§ **Task item**: Copy each line below that has "requests".

Dataset items
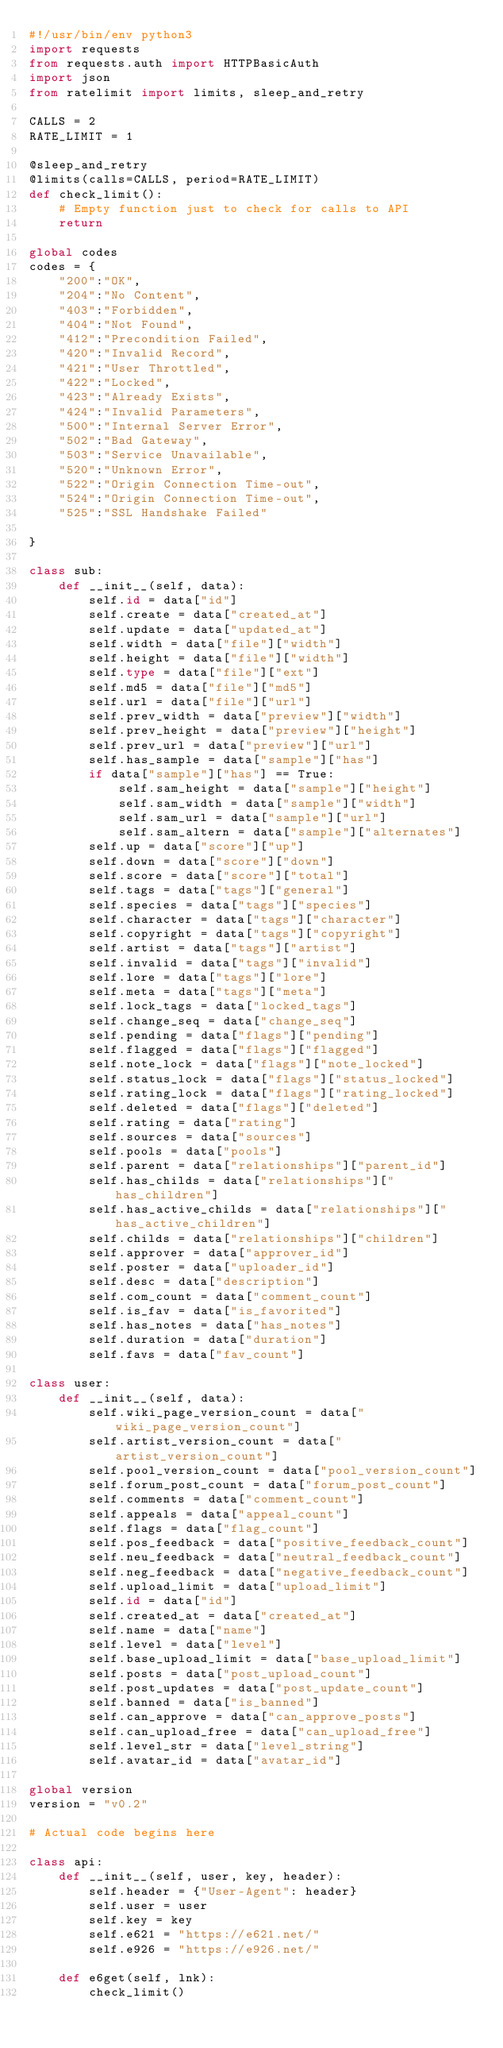<code> <loc_0><loc_0><loc_500><loc_500><_Python_>#!/usr/bin/env python3
import requests
from requests.auth import HTTPBasicAuth
import json
from ratelimit import limits, sleep_and_retry

CALLS = 2
RATE_LIMIT = 1

@sleep_and_retry
@limits(calls=CALLS, period=RATE_LIMIT)
def check_limit():
    # Empty function just to check for calls to API
    return

global codes
codes = {
    "200":"OK",
    "204":"No Content",
    "403":"Forbidden",
    "404":"Not Found",
    "412":"Precondition Failed",
    "420":"Invalid Record",
    "421":"User Throttled",
    "422":"Locked",
    "423":"Already Exists",
    "424":"Invalid Parameters",
    "500":"Internal Server Error",
    "502":"Bad Gateway",
    "503":"Service Unavailable",
    "520":"Unknown Error",
    "522":"Origin Connection Time-out",
    "524":"Origin Connection Time-out",
    "525":"SSL Handshake Failed"
    
}

class sub:
    def __init__(self, data):
        self.id = data["id"]
        self.create = data["created_at"]
        self.update = data["updated_at"]
        self.width = data["file"]["width"]
        self.height = data["file"]["width"]
        self.type = data["file"]["ext"]
        self.md5 = data["file"]["md5"] 
        self.url = data["file"]["url"]
        self.prev_width = data["preview"]["width"]
        self.prev_height = data["preview"]["height"]
        self.prev_url = data["preview"]["url"]
        self.has_sample = data["sample"]["has"]
        if data["sample"]["has"] == True:
            self.sam_height = data["sample"]["height"]
            self.sam_width = data["sample"]["width"]
            self.sam_url = data["sample"]["url"]
            self.sam_altern = data["sample"]["alternates"]
        self.up = data["score"]["up"]
        self.down = data["score"]["down"]
        self.score = data["score"]["total"]
        self.tags = data["tags"]["general"]
        self.species = data["tags"]["species"]
        self.character = data["tags"]["character"]
        self.copyright = data["tags"]["copyright"]
        self.artist = data["tags"]["artist"]
        self.invalid = data["tags"]["invalid"]
        self.lore = data["tags"]["lore"]
        self.meta = data["tags"]["meta"]
        self.lock_tags = data["locked_tags"]
        self.change_seq = data["change_seq"]
        self.pending = data["flags"]["pending"]
        self.flagged = data["flags"]["flagged"]
        self.note_lock = data["flags"]["note_locked"]
        self.status_lock = data["flags"]["status_locked"]
        self.rating_lock = data["flags"]["rating_locked"]
        self.deleted = data["flags"]["deleted"]
        self.rating = data["rating"]
        self.sources = data["sources"]
        self.pools = data["pools"]
        self.parent = data["relationships"]["parent_id"]
        self.has_childs = data["relationships"]["has_children"]
        self.has_active_childs = data["relationships"]["has_active_children"]
        self.childs = data["relationships"]["children"]
        self.approver = data["approver_id"]
        self.poster = data["uploader_id"]
        self.desc = data["description"]
        self.com_count = data["comment_count"]
        self.is_fav = data["is_favorited"]
        self.has_notes = data["has_notes"]
        self.duration = data["duration"]
        self.favs = data["fav_count"]

class user:
    def __init__(self, data):
        self.wiki_page_version_count = data["wiki_page_version_count"]
        self.artist_version_count = data["artist_version_count"]
        self.pool_version_count = data["pool_version_count"]
        self.forum_post_count = data["forum_post_count"]
        self.comments = data["comment_count"]
        self.appeals = data["appeal_count"]
        self.flags = data["flag_count"]
        self.pos_feedback = data["positive_feedback_count"]
        self.neu_feedback = data["neutral_feedback_count"]
        self.neg_feedback = data["negative_feedback_count"]
        self.upload_limit = data["upload_limit"]
        self.id = data["id"]
        self.created_at = data["created_at"]
        self.name = data["name"]
        self.level = data["level"]
        self.base_upload_limit = data["base_upload_limit"]
        self.posts = data["post_upload_count"]
        self.post_updates = data["post_update_count"]
        self.banned = data["is_banned"]
        self.can_approve = data["can_approve_posts"]
        self.can_upload_free = data["can_upload_free"]
        self.level_str = data["level_string"]
        self.avatar_id = data["avatar_id"]

global version
version = "v0.2"

# Actual code begins here

class api:
    def __init__(self, user, key, header):
        self.header = {"User-Agent": header}
        self.user = user
        self.key = key
        self.e621 = "https://e621.net/"
        self.e926 = "https://e926.net/"

    def e6get(self, lnk):
        check_limit()</code> 
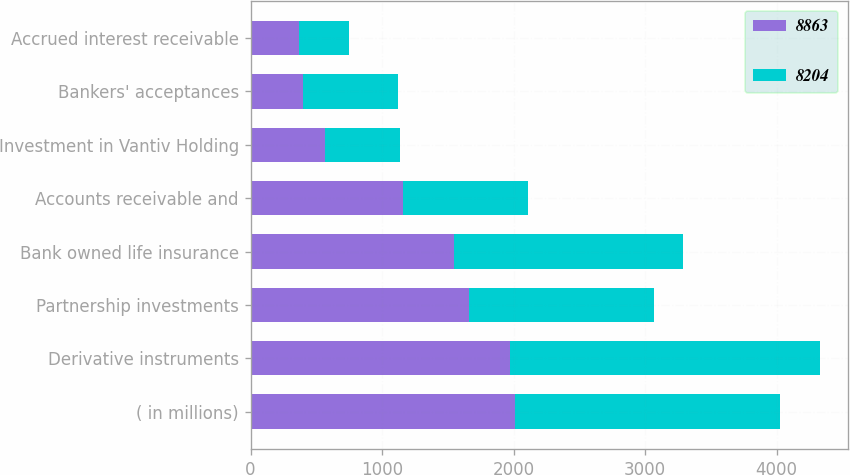Convert chart to OTSL. <chart><loc_0><loc_0><loc_500><loc_500><stacked_bar_chart><ecel><fcel>( in millions)<fcel>Derivative instruments<fcel>Partnership investments<fcel>Bank owned life insurance<fcel>Accounts receivable and<fcel>Investment in Vantiv Holding<fcel>Bankers' acceptances<fcel>Accrued interest receivable<nl><fcel>8863<fcel>2012<fcel>1972<fcel>1657<fcel>1547<fcel>1155<fcel>563<fcel>398<fcel>369<nl><fcel>8204<fcel>2011<fcel>2356<fcel>1413<fcel>1742<fcel>955<fcel>576<fcel>726<fcel>382<nl></chart> 
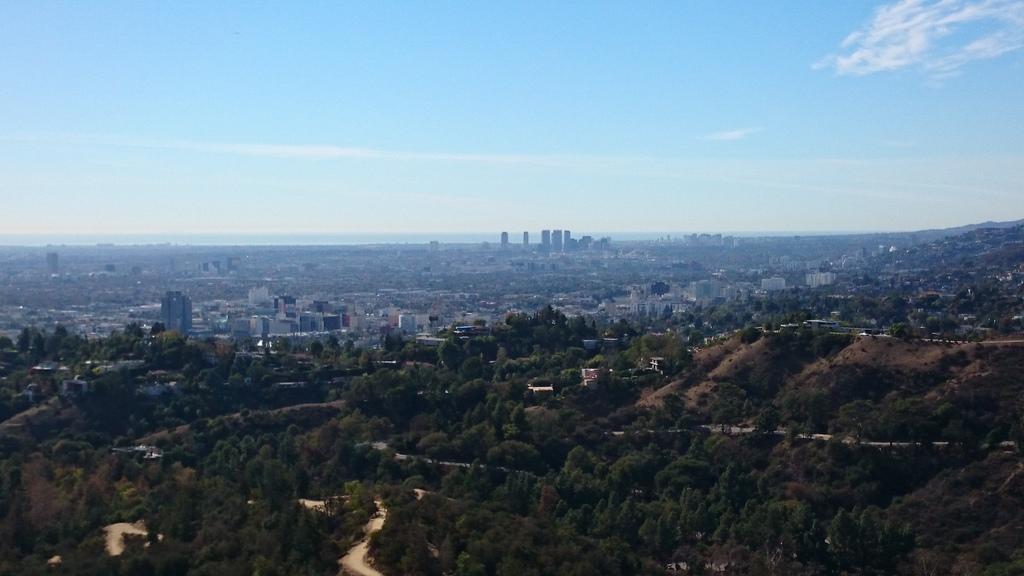Please provide a concise description of this image. This is an aerial view of an image where we can see the trees, buildings and the blue color sky with clouds in the background.

§ **Output of the task**:
import requests
from requests.auth import HTTPBasicAuth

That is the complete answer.